WHAT TO PRODUCE ->
Your answer should repeat every line of the records below in which the word "adres" appears.
_____
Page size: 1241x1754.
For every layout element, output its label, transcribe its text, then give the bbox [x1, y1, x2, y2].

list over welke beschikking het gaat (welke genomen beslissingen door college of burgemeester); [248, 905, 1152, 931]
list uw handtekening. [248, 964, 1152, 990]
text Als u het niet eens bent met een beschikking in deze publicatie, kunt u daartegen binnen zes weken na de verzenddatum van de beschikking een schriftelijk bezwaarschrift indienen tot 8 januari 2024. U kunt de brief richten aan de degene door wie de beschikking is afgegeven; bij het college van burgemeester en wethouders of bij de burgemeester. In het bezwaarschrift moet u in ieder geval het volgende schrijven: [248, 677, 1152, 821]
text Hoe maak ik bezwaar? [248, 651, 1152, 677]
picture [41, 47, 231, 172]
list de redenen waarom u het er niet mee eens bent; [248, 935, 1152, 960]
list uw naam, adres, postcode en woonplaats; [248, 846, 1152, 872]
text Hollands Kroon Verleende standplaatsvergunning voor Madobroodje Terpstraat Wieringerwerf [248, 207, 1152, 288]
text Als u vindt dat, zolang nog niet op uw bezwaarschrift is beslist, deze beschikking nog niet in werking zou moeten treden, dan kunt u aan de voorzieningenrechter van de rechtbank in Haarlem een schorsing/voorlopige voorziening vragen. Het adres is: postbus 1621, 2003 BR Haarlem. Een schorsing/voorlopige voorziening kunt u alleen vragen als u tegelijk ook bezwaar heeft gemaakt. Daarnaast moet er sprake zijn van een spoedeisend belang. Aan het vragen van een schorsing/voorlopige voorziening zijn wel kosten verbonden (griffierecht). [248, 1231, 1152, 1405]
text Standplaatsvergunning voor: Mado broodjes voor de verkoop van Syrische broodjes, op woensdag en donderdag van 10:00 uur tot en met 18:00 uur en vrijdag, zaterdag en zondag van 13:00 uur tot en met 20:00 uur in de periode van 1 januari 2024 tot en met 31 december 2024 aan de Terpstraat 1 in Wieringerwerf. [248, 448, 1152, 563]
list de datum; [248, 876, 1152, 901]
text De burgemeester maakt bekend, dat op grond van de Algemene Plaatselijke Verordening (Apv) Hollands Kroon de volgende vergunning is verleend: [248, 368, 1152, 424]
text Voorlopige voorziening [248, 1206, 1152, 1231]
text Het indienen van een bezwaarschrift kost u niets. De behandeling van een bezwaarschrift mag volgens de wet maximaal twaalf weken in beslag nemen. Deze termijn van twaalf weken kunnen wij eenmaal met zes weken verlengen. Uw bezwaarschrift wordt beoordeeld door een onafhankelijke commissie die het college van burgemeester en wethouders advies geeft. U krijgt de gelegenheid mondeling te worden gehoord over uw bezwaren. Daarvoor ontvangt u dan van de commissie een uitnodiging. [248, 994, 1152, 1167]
_____
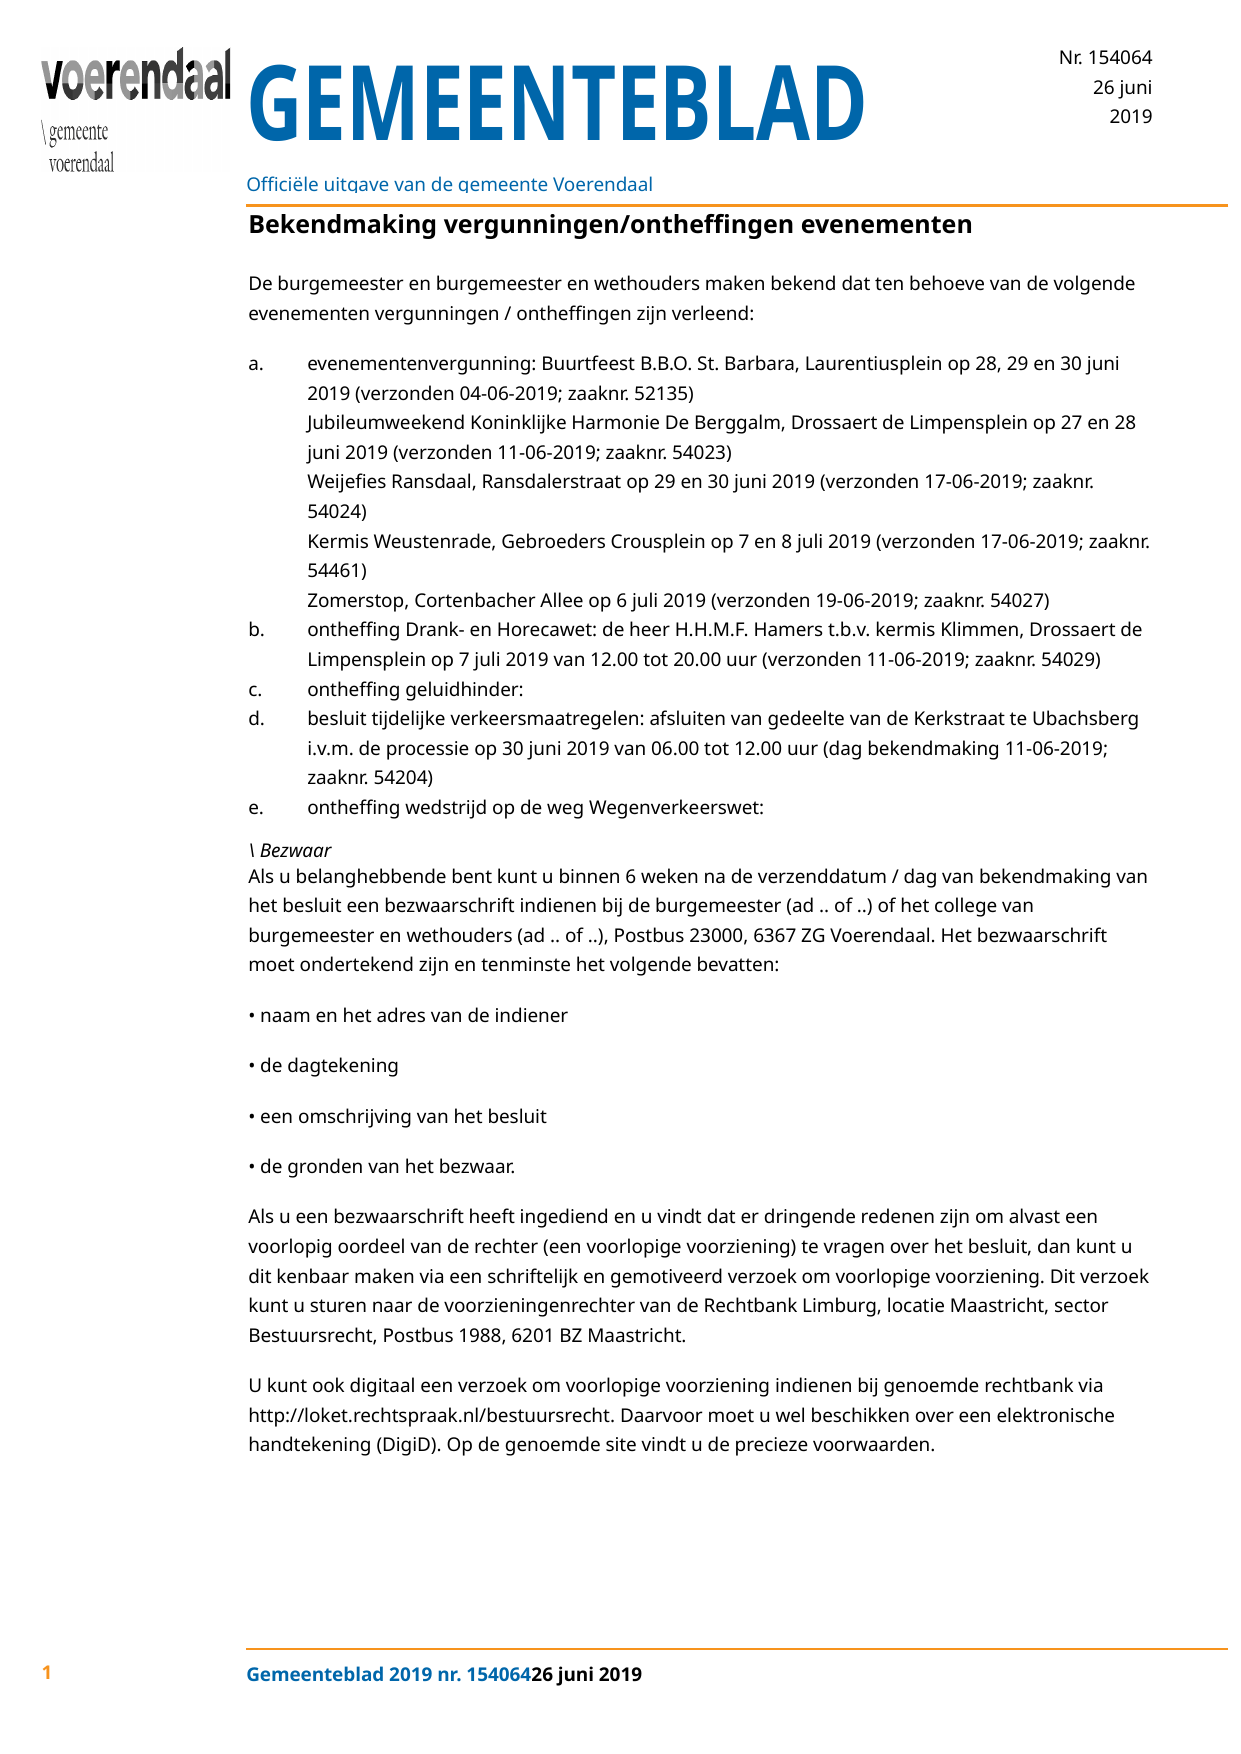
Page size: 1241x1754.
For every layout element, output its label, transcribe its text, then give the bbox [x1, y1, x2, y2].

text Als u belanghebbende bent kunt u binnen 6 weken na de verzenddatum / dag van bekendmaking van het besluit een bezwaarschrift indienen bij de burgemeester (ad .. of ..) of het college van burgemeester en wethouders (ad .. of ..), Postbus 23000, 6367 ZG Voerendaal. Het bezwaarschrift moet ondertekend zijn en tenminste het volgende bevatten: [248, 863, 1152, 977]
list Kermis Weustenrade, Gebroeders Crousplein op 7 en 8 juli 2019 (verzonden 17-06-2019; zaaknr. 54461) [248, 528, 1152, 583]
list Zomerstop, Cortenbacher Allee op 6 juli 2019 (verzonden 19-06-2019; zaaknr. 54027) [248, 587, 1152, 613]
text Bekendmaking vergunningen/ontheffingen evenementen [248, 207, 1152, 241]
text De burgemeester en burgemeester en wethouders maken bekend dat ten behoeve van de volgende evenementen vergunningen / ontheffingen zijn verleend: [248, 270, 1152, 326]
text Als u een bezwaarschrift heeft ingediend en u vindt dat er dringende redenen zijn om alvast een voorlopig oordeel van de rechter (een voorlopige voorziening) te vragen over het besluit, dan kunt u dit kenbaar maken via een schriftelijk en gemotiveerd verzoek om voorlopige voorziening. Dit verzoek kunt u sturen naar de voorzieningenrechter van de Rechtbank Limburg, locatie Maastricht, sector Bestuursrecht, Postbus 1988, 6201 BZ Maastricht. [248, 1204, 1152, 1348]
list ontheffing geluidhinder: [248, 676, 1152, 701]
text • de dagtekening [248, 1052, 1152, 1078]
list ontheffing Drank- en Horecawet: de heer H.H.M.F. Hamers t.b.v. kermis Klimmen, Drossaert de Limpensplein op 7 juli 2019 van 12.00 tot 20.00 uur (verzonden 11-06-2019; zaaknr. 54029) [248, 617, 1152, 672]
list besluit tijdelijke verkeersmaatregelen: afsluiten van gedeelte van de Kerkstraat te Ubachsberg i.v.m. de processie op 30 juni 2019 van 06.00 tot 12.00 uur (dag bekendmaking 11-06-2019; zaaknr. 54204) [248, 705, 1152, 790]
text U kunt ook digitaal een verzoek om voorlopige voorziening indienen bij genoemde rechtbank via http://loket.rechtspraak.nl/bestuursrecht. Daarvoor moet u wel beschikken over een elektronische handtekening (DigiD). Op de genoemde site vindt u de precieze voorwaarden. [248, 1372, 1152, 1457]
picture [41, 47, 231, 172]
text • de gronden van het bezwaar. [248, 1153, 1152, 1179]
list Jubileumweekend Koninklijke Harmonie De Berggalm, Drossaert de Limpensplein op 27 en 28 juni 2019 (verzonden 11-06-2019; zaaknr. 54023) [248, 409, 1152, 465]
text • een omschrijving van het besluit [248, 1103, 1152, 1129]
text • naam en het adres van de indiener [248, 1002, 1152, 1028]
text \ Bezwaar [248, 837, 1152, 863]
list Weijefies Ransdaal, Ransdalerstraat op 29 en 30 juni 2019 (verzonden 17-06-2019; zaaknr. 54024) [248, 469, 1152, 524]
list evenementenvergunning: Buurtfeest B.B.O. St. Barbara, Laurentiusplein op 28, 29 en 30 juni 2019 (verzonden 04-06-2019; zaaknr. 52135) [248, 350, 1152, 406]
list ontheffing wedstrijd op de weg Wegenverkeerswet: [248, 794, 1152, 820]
_____
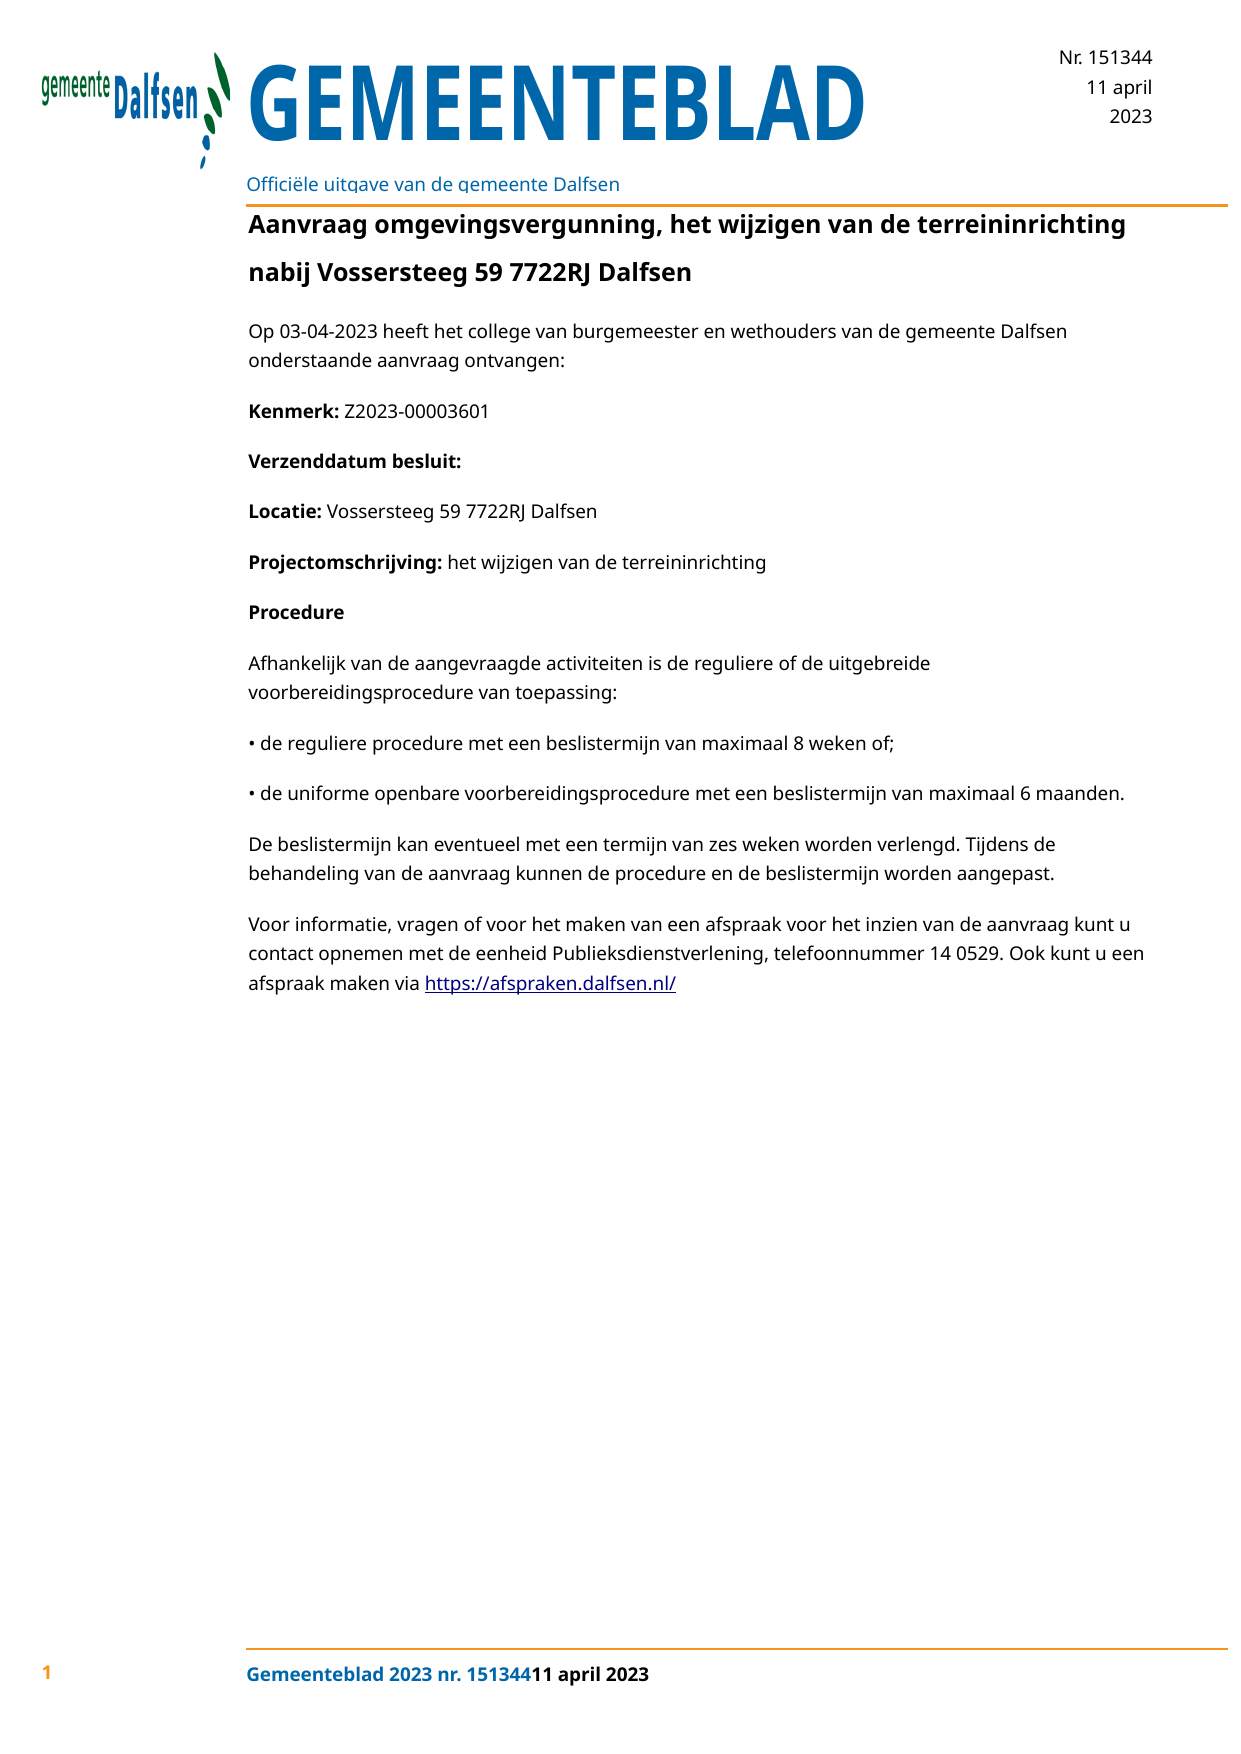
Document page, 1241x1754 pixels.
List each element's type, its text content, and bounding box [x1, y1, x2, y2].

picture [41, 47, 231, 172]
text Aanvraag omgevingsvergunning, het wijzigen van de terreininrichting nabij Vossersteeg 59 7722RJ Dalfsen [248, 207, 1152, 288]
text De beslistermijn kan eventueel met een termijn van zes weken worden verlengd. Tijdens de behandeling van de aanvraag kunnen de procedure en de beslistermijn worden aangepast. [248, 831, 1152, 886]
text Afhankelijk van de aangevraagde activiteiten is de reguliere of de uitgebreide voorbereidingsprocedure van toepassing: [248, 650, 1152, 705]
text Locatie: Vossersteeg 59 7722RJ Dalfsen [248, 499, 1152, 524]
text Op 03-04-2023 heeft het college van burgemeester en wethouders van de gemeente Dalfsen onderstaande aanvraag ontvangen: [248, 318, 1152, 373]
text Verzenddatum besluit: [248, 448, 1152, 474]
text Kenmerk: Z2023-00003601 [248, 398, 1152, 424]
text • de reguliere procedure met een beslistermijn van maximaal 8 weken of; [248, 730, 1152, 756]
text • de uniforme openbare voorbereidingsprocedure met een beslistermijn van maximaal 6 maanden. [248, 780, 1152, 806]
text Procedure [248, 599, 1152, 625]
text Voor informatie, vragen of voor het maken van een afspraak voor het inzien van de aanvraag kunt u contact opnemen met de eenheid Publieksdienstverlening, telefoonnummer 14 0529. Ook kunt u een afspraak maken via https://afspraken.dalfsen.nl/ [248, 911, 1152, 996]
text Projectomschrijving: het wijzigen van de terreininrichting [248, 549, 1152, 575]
_____
ANSWER SECTION ->
list uw naam, adres, postcode en woonplaats; [248, 846, 1152, 872]
text Als u vindt dat, zolang nog niet op uw bezwaarschrift is beslist, deze beschikking nog niet in werking zou moeten treden, dan kunt u aan de voorzieningenrechter van de rechtbank in Haarlem een schorsing/voorlopige voorziening vragen. Het adres is: postbus 1621, 2003 BR Haarlem. Een schorsing/voorlopige voorziening kunt u alleen vragen als u tegelijk ook bezwaar heeft gemaakt. Daarnaast moet er sprake zijn van een spoedeisend belang. Aan het vragen van een schorsing/voorlopige voorziening zijn wel kosten verbonden (griffierecht). [248, 1231, 1152, 1405]
text • naam en het adres van de indiener [248, 1002, 1152, 1028]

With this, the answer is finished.